# The data

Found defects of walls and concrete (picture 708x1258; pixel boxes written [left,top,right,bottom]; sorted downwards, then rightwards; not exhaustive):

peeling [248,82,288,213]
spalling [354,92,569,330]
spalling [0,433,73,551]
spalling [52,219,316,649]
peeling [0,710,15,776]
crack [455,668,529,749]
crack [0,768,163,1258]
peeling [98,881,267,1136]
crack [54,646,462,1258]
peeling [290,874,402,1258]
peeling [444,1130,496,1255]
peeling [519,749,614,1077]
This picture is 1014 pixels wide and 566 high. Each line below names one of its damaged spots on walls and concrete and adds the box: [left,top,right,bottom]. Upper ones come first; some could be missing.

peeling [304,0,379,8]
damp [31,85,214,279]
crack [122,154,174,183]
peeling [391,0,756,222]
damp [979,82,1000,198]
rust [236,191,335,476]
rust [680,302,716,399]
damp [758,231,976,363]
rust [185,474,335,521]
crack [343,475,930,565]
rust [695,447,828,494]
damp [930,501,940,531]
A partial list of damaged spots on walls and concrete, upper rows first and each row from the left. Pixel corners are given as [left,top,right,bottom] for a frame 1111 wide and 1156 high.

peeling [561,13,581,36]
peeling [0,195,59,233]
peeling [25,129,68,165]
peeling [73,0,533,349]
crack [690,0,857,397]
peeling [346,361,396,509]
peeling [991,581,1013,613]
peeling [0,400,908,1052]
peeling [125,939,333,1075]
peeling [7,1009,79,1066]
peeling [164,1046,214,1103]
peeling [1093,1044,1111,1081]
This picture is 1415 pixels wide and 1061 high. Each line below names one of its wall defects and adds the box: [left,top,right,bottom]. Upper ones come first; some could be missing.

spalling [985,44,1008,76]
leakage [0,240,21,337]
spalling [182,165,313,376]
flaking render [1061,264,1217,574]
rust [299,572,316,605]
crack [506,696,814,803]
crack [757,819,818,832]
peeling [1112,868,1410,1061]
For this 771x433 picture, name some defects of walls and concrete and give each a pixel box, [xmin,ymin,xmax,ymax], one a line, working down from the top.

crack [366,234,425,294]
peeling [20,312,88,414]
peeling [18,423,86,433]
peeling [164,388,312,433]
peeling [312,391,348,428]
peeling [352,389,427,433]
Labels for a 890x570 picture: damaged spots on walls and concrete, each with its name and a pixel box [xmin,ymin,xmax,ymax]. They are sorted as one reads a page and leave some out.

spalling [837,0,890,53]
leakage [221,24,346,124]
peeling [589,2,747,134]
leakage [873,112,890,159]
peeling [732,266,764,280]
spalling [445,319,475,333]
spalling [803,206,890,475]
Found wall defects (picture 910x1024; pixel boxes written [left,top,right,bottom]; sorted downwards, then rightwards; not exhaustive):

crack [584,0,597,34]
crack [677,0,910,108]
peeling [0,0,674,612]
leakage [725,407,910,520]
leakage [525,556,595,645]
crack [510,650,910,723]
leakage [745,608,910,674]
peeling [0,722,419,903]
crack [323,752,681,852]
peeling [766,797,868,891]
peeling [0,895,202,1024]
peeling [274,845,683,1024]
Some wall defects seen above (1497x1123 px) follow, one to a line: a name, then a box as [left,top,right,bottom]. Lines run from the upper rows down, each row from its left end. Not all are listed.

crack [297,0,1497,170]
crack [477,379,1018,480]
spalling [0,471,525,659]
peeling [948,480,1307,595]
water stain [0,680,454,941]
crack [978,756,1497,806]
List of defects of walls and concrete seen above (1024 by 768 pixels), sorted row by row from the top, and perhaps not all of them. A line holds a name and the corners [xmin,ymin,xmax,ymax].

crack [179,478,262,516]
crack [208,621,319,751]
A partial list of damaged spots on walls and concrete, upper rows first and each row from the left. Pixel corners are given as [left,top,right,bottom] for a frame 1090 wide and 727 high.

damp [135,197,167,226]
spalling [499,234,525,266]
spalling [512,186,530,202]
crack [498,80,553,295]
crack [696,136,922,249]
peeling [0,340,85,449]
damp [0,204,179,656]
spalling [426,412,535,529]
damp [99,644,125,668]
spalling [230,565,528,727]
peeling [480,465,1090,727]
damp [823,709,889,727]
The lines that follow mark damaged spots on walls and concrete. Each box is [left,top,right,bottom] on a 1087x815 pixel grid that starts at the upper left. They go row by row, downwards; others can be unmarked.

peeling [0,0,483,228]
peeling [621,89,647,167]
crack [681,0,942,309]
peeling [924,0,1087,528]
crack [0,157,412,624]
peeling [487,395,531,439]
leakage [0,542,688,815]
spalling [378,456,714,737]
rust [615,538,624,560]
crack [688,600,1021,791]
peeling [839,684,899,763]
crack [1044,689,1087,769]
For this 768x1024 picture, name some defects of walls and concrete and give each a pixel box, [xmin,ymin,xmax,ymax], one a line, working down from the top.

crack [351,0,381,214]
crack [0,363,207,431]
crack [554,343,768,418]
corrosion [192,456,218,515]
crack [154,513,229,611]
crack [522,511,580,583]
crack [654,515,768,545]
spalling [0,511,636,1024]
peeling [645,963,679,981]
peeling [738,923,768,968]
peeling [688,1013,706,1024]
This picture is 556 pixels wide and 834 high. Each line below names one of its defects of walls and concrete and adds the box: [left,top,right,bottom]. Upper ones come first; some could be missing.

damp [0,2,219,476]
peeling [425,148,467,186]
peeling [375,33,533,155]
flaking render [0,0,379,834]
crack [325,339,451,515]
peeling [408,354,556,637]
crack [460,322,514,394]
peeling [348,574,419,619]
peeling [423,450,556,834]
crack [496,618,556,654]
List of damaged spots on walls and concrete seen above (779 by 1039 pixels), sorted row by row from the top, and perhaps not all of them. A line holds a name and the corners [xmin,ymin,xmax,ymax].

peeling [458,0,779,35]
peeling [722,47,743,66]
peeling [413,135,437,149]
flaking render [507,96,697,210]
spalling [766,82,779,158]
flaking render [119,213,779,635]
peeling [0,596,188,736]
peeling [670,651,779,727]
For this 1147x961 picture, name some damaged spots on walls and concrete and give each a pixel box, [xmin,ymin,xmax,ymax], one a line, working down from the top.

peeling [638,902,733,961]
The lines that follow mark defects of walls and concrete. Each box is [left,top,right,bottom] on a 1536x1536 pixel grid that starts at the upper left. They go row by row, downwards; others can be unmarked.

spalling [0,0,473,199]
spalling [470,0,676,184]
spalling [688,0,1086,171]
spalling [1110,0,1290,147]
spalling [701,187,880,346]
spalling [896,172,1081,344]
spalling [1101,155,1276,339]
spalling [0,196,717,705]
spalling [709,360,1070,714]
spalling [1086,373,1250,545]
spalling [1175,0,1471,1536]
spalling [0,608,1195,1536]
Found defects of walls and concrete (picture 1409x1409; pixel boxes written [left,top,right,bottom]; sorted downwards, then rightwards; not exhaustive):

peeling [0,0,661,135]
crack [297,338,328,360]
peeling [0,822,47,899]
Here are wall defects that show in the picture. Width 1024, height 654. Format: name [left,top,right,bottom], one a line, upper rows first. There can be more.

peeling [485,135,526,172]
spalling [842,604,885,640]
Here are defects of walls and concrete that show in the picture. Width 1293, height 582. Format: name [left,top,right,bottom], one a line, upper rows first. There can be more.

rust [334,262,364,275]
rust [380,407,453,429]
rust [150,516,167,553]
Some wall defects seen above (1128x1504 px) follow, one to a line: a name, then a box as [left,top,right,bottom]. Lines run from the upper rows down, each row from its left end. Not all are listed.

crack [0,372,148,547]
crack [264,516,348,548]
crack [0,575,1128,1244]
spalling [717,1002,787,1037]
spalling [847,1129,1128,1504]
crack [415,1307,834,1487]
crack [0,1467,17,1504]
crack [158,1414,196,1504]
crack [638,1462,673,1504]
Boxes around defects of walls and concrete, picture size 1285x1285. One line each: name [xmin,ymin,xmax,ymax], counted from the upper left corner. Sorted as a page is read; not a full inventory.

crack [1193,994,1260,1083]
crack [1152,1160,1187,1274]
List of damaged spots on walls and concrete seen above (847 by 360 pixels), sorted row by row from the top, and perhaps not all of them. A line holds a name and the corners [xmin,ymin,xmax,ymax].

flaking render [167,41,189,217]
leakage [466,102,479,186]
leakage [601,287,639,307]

# Exercise objective
Output exactly what runs from the line with "List of damaged spots on walls and concrete seen above (847" to the final line above, both lines included, and nothing else.

# Answer to this task
List of damaged spots on walls and concrete seen above (847 by 360 pixels), sorted row by row from the top, and perhaps not all of them. A line holds a name and the corners [xmin,ymin,xmax,ymax].

flaking render [167,41,189,217]
leakage [466,102,479,186]
leakage [601,287,639,307]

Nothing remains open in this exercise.